[Pitch] String Input-validating Initializers

Jumhyn · July 18, 2023, 3:57pm

In the case of a non-replayable stream it strikes me as potentially more valuable to have even some limited error info (e.g. what code unit value caused the failure), because the error is otherwise totally opaque and potentially unreproducible. With Int.init?(String) you can always inspect the String value to glean whatever error information you want, but this isn't the case for an arbitrary sequence.

Alejandro · July 18, 2023, 4:24pm

We've also been thinking about adding conveniences for that initializer like String(utf8: x) etc. I think these shorthand initializers make reaching for the right thing a lot easier, but that's for another proposal.

xwu · July 18, 2023, 4:26pm

Undoubtedly so, but @glessard has explained pretty convincingly why all of this information does not fall out automatically. It doesn’t seem reasonable for the design of a general-use initializer to optimize for non-replayable streams where the offset and nature of invalidity being an unpaired surrogate is paid for in performance cost by all users.

glessard · July 18, 2023, 4:28pm

One major usability issue with the initializers that require a type parameter such as String(decoding: x, as: UTF8.self) is that the list of valid type parameters is hard to find. This has led countless developers to use the Foundation API that transits through NSString. We need to do better.

davedelong · July 18, 2023, 4:33pm

It's not just non-replayable streams.
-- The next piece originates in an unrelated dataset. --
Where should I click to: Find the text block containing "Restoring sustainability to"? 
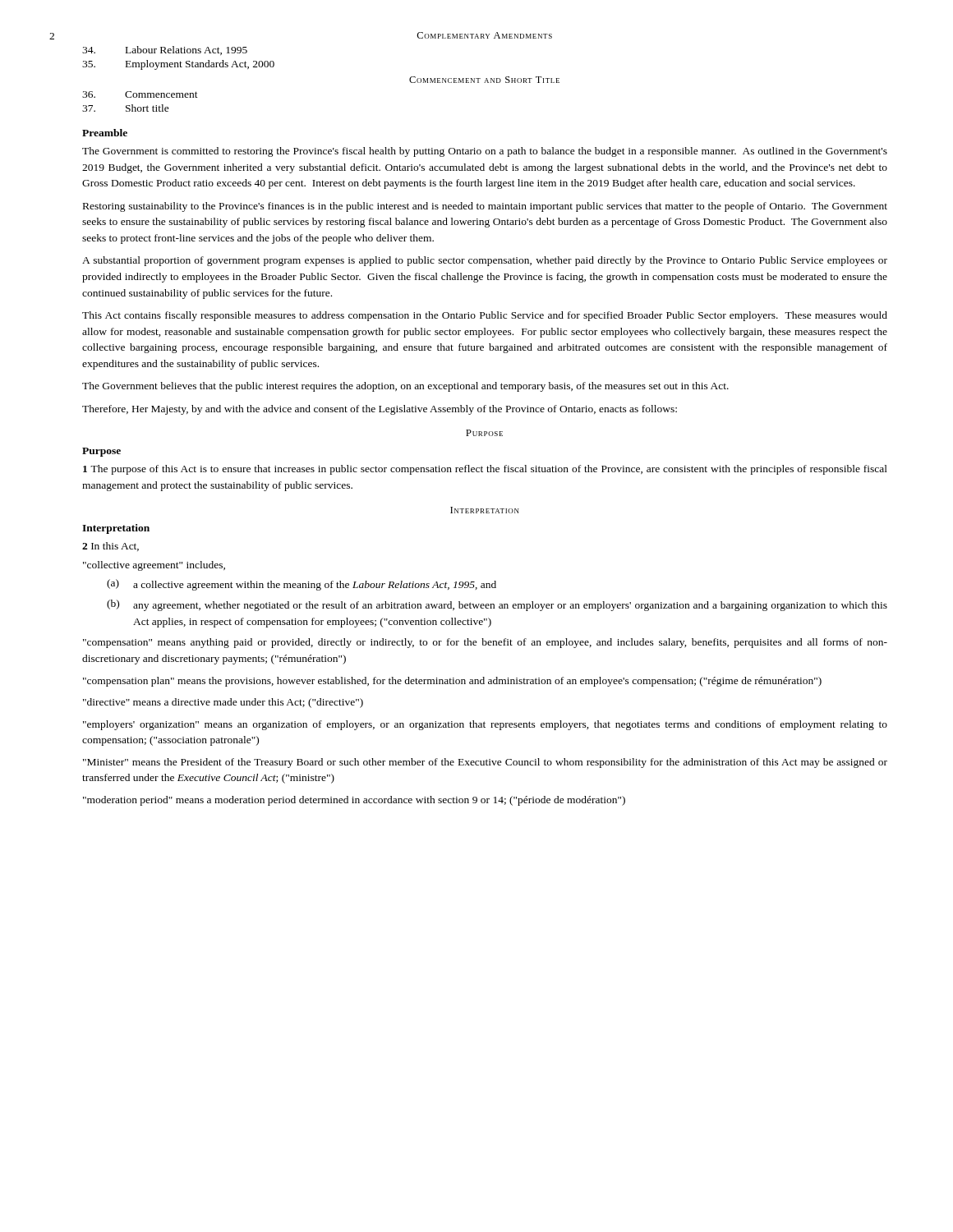click(x=485, y=222)
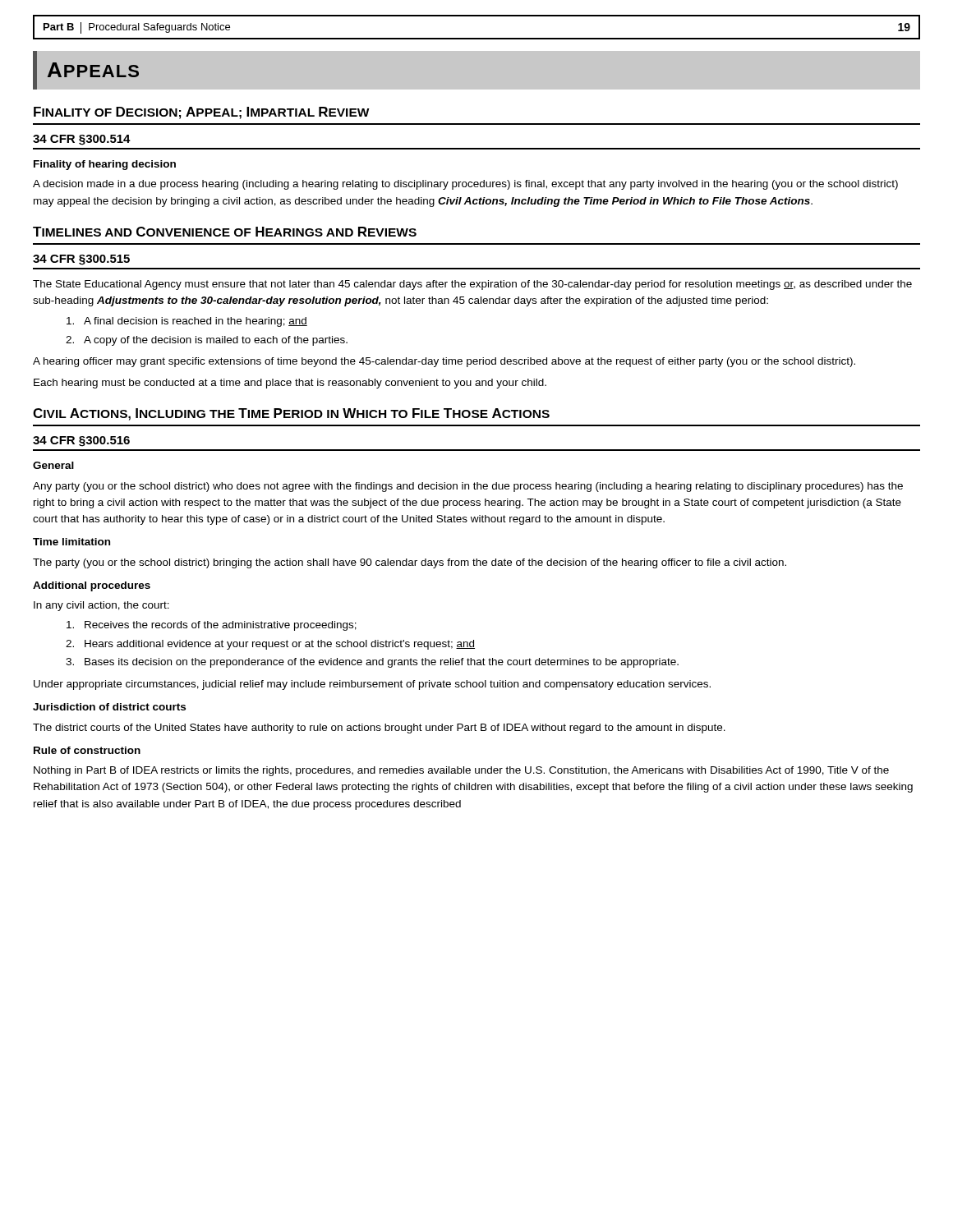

It's also streams that don't reasonably fit into memory. My file format parsers lazily loaded chunks of bytes, so they could handle multi-gigabyte files while parsing without consuming too much memory. The files exist on disk, so I could reasonably translate a byte offset to an actual position in the file with other apps that can gracefully handle opening huge files.

I understand that the current implementation doesn't lend itself well to this model. But this is a pitch, and I'm focusing on the proposed developer experience. Having a thrown error definitively improves that experience, and folks who aren't interested in it can trivially ignore it with try?.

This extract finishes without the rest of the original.